Kát’a Kabanová est un personnage solitaire dans son désir de bien faire auprès de sa belle-mère, face à son mari ou son amant. De fait, elle est une eau dormante, écartelée entre un monde intérieur fait de désirs et de fantaisie inassumée et des exigences sociales auxquelles elle tente de se conformer. Convaincue de sa propre culpabilité avant qu’elle ne soit réelle, elle s’enferme dans un destin tragique qu’elle met en place seule.
Pour montrer tout cela et exprimer l’oppression sourde d’une sociabilité villageoise que Janáček ne fait que frôler du bout des personnages d’autorité (Kabanicha et Dikoj), Barrie Kosky peuple le plateau nu de la Felsenreitschule de figurants qui tourneront le dos au public, immobiles tout le spectacle durant. Disposés différemment à chaque scène, leur présence devient de plus en plus oppressante, restreignant l’espace de liberté disponible. Un ensemble de rampes de lumières s’abaisse ou s’élève au-dessus de la scène, modulant les ambiances avec une discrétion qui participe à l’évidente réussite de cette mise en scène. La direction d’acteurs porte les chanteurs sur des cimes : Kát’a apparaît dans toute sa complexité, entre danse, immobilité, contrition, souffrance, élan amoureux ou hésitation. Chaque mouvement fait oublier la scène vide, magnifiant l’austérité visuelle régnante.
Le succès de ce dispositif scénique repose largement sur l’extraordinaire prestation de Corinne Winters qui interprète Kát’a. Elle se jette à corps perdu dans le rôle et demeure bien souvent en scène même quand elle ne chante pas, montrant les failles intérieures dans lesquelles elle s’abîme. Son immense voix se plie parfaitement aux intonations éruptives que déchaîne la passion en elle. Sans disposer du timbre le plus séduisant, Winters soutient sa ligne avec tempérament et une voix d’une parfaite homogénéité. Elle n’est pas la seule à tenir la scène : Evelyn Herlitzius est une belle-mère (Kabanicha) vicieuse à souhait. Les registres ne sont plus aussi bien soudés, mais la puissance et l’incarnation font le reste pour camper le personnage abominable et manipulateur. David Butt Philip (Boris) est un amant séduisant par l’ampleur de la voix et la clarté du timbre et s’il laisse passer le détail de la ligne, il en préserve tout de même la dynamique générale. Benjamin Hulett campe un Kudrjáš engagé dans ses enthousiasmes, séduisant de dynamisme. La Varvara de Jarmila Balážová, timbre capiteux et homogène, belle projection et ligne facile, convainc avec évidence. Jens Larsen est un superbe Dikoj, autoritaire et veule et Jaroslav Březina parvient à proposer un Tichon Ivanyč Kabanov touchant en lâche.

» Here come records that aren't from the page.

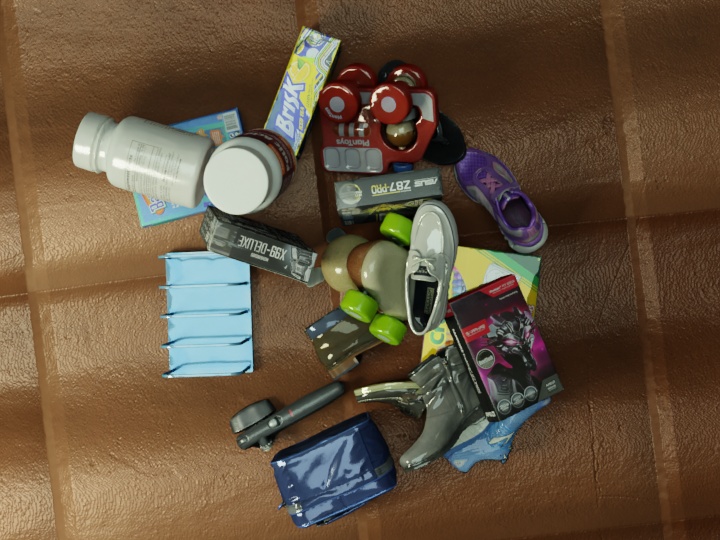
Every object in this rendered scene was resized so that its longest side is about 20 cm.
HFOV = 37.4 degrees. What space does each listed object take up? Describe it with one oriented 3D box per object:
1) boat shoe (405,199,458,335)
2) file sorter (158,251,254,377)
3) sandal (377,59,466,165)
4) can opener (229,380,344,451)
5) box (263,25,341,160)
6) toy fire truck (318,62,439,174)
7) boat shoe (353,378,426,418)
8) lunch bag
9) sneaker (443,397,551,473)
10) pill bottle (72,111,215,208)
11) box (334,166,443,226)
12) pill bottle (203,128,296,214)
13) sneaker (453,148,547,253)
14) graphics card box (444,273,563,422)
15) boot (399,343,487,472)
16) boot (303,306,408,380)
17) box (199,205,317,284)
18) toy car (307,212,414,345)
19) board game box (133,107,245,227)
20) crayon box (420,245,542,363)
[{"bbox_3d":[0.098,-0.002,1.574,0.072,0.066,0.201,13,109,17],"label":"boat shoe"},{"bbox_3d":[-0.249,0.070,1.695,0.138,0.123,0.201,-2,91,1],"label":"file sorter"},{"bbox_3d":[0.093,-0.249,1.716,0.076,0.043,0.200,-40,83,15],"label":"sandal"},{"bbox_3d":[-0.114,0.231,1.722,0.199,0.063,0.079,-25,89,1],"label":"can opener"},{"bbox_3d":[-0.096,-0.285,1.721,0.070,0.064,0.201,21,91,1],"label":"box"},{"bbox_3d":[0.028,-0.230,1.680,0.199,0.112,0.169,5,119,18],"label":"toy fire truck"},{"bbox_3d":[0.090,0.206,1.715,0.199,0.073,0.065,-4,85,1],"label":"boat shoe"},{"bbox_3d":[-0.045,0.326,1.685,0.199,0.136,0.133,-25,89,2],"label":"lunch bag"},{"bbox_3d":[0.224,0.256,1.720,0.200,0.079,0.089,-34,101,7],"label":"sneaker"},{"bbox_3d":[-0.336,-0.176,1.654,0.199,0.114,0.115,16,90,2],"label":"pill bottle"},{"bbox_3d":[0.044,-0.112,1.650,0.160,0.200,0.049,-6,85,0],"label":"box"},{"bbox_3d":[-0.166,-0.149,1.601,0.113,0.200,0.115,1,103,6],"label":"pill bottle"},{"bbox_3d":[0.223,-0.121,1.694,0.080,0.088,0.200,-39,75,3],"label":"sneaker"},{"bbox_3d":[0.217,0.120,1.647,0.125,0.051,0.201,-22,89,-20],"label":"graphics card box"},{"bbox_3d":[0.111,0.209,1.660,0.200,0.070,0.132,-38,95,-19],"label":"boot"},{"bbox_3d":[0.004,0.079,1.715,0.200,0.075,0.097,-40,92,3],"label":"boot"},{"bbox_3d":[-0.161,-0.044,1.636,0.157,0.200,0.050,18,96,-16],"label":"box"},{"bbox_3d":[0.000,0.000,1.678,0.199,0.158,0.165,15,72,44],"label":"toy car"},{"bbox_3d":[-0.276,-0.166,1.733,0.199,0.045,0.153,-13,91,0],"label":"board game box"},{"bbox_3d":[0.193,0.066,1.719,0.172,0.058,0.201,7,90,1],"label":"crayon box"}]
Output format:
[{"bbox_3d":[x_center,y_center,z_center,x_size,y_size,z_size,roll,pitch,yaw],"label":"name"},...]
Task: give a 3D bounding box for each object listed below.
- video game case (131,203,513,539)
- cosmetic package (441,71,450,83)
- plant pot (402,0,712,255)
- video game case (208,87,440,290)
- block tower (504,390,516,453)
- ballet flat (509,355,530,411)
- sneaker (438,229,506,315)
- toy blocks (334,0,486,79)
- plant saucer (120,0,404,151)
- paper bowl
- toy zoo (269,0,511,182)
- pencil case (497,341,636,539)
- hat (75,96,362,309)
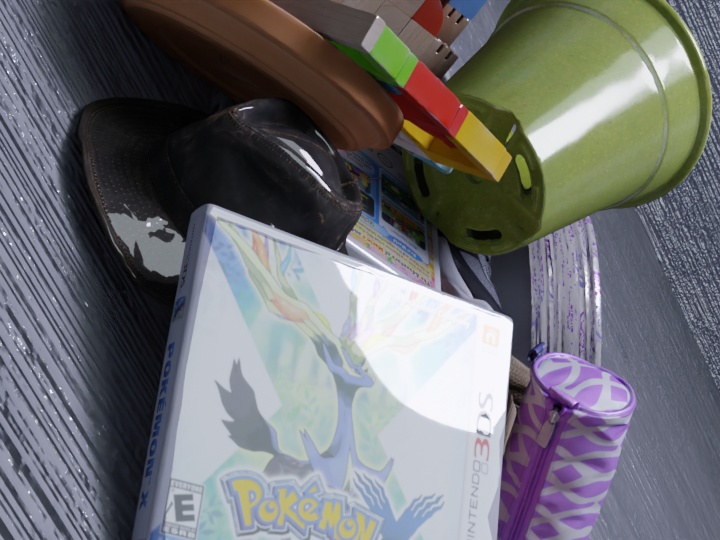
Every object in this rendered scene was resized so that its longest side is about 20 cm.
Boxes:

Jakub Hrůša métamorphose le son des Wiener Philharmoniker : le raffinement viennois devient souci implacable du détail, la souplesse gracieuse se fait populaire et le timbre chaleureux, rugosité paysanne. Et le chef, à l’unisson du metteur en scène et des interprètes, raconte l’histoire et tend l’arc jusqu’au bout, nourrissant le discours avec énergie et précision. Il combine sans cesse l’attention à chaque instant et la vision à long terme de la structure si complexe bâtie par Janáček.